I grew up hearing the same story – From what I can remember, the little glass tube, attached to a thin gold chain, contained a very tiny piece of wood. My relative always wore it around her neck. She never tired of telling those around her that the fragment was originally a part of the cross on which Christ was crucified. I also remember thinking how special it must be for an accountant living in Columbus, Ohio to own a fragment of such a rare and important artifact. When I inquired further, my relative told the details of how she purchased it at the Vatican in Rome. It was blessed by the Pope. This story continues to, as it did when I was a small boy, feed my imagination.
I am not commenting on the veracity of my relative’s beliefs, or the authenticity of the wood splinter – it certainty remained meaningful throughout her life. What I am thinking about is the power of a fragment, and how these dis-embodied artifacts represent a certain drive within the field of preservation to honor the materiality of form and recreate rather than re-think.
I have always found the pilgrimage site of Ronchamp to be an amazing example of the creative process in preservation and construction. When you first see the Chapel Notre Dame du Haut at Ronchamp, France, a pilgrimage chapel designed by the architect LeCorbusier, it looks like a spaceship that has just landed on the mountaintop. Not much about its appearance clues you into how deeply imbedded with the past it really is. This site has long been dedicated to The Christian Madonna and home to several large international pilgrimage services a year. The present pilgrimage chapel is actually the third distinct building that has been built on the same mountaintop. The first dated from the 4th century and in 1913 was gutted by a massive fire; the second (using the same walls and footprint but greatly expanded) c. 1920 was significantly destroyed in 1944 during a WWII battle; and the present building was built in 1955 and quickly became an iconic 20th century building for its ability to feel primitive at the same time being something entirely new.
An aspect of this construction history that isn’t normally highlighted is, that during the last building campaign, Le Corbusier chose to re-use stones and building fragments in the structure of the new chapel. He covers this meaningful re-use of materials with a layer of rough, natural stucco – so that to the casual observer, the building is about abstract form, not the details of materiality. Construction photographs give us a clear understanding of the similarity of wall completion between the previous chapel and Corbu’s new building. In contrast to the hidden stone fragments of the walls (covered in stucco), there is a “monument to peace”. This shrine, is placed, seemingly haphazardly, off to the side of the present chapel and in the shape of a stepped pyramid. During Pilgrimage service, attendees sit on this stepped structure. The construction of this monument is also made out of the destroyed chapel, but this time the stone structure is not hidden under a layer of stucco, but visible – a visible, tactile reminder of the previous life of the site.
Sometimes fragments can be unified in non-material ways. To further reinforce a connection to the past and the dis-assembly of the original chapel, a site analysis of the pyramid monument relative to the new Chapel structure reveals a clear, and conscious relationship between the two structures.

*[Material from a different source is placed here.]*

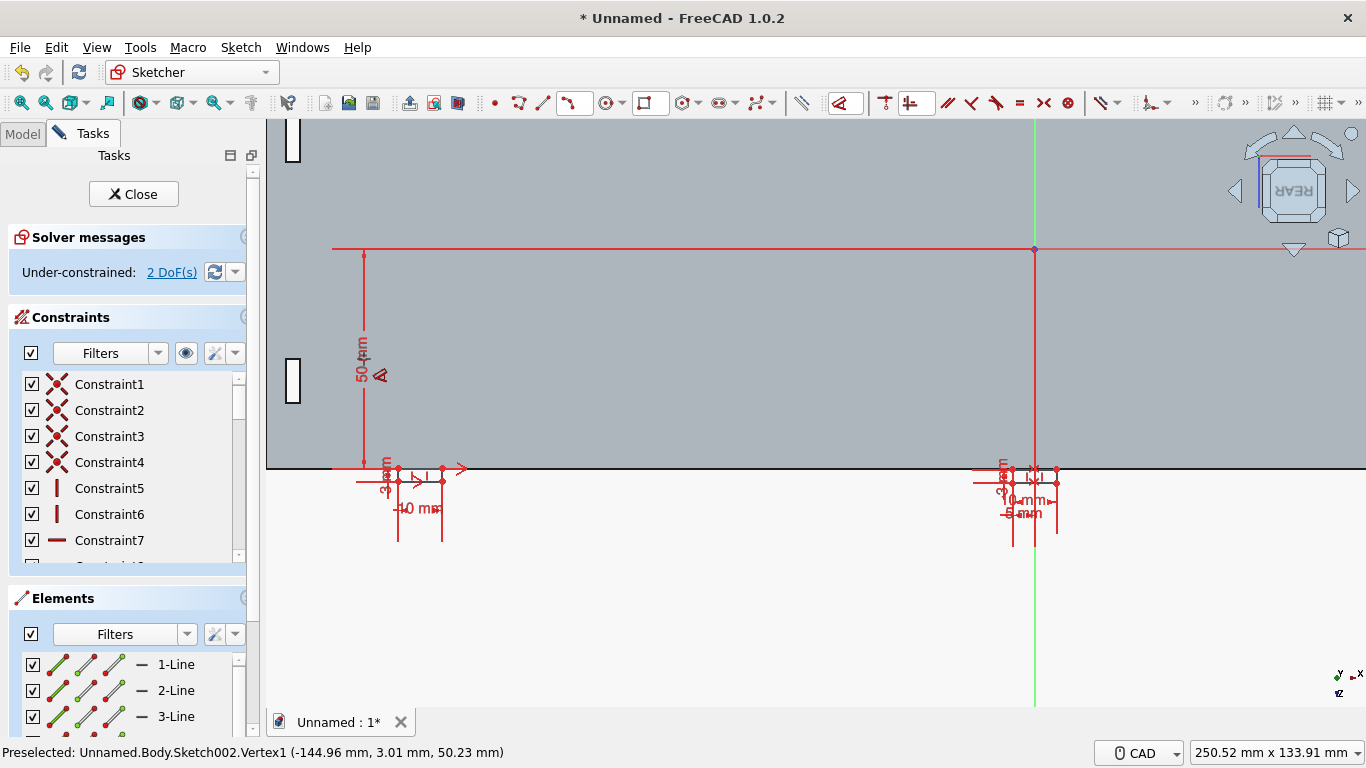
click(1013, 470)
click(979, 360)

Although both built out of the fragments of the destroyed chapel, one is concealed, while the other is revealed. The geometric analysis of the site plan shows how the alignment lines of the monument pyramid directly line up with the exterior pilgrimage alter. It is as if the fragments of the old chapel are bound together by an invisible tether. The old chapel still exists in the latent structure of the new chapel as well as manifest in the monument to peace.
Just as the discarded stones of the old chapel at Ronchamp, the very structure of the human body can been re-used, as shown in the European catacombs. The macabre and oddly practical uses of human bones in these shrines, stand as an ultimate creative act. The materiality of bones and fragments of the human form are meaningfully expressed beyond their previous life – through naive creativity. The value of these bones, beyond anthropological data, is elevated through a re-combination of forms – through a conscious release of previous form and visualizing a new, expressive morphology.
Is it necessary, or even actually possible, to reconstruct or restore, in order for the spirit of place to remain? It is as if we, as individuals, can be torn apart by war, decay, demolition, and neglect, but through an invisible connector, our humanity and life can be preserved through these fragments. Perhaps these fragments are hidden underneath more contemporary life (as in the catacombs), or they may be revealed as in the “Monument to Peace”, or they may be totally divorced contextually (as in my relative’s cross wood fragment) – but in any case – a continuous thread of habitation is preserved through thoughtful integration of disembodied parts. Most importantly, it is not the preservation of the form that matters, but the preservation of the spirit. The spirt is found in activity, behaviors, creativity, and experiences.
The question ultimately is – can we preserve the spirit of place by allowing for new forms to become vessels for this spirit? Is reconstruction, infill, restoration always the answer? Perhaps in accepting the inevitable death and decay of the physical form, we can achieve something greater than what existed previously.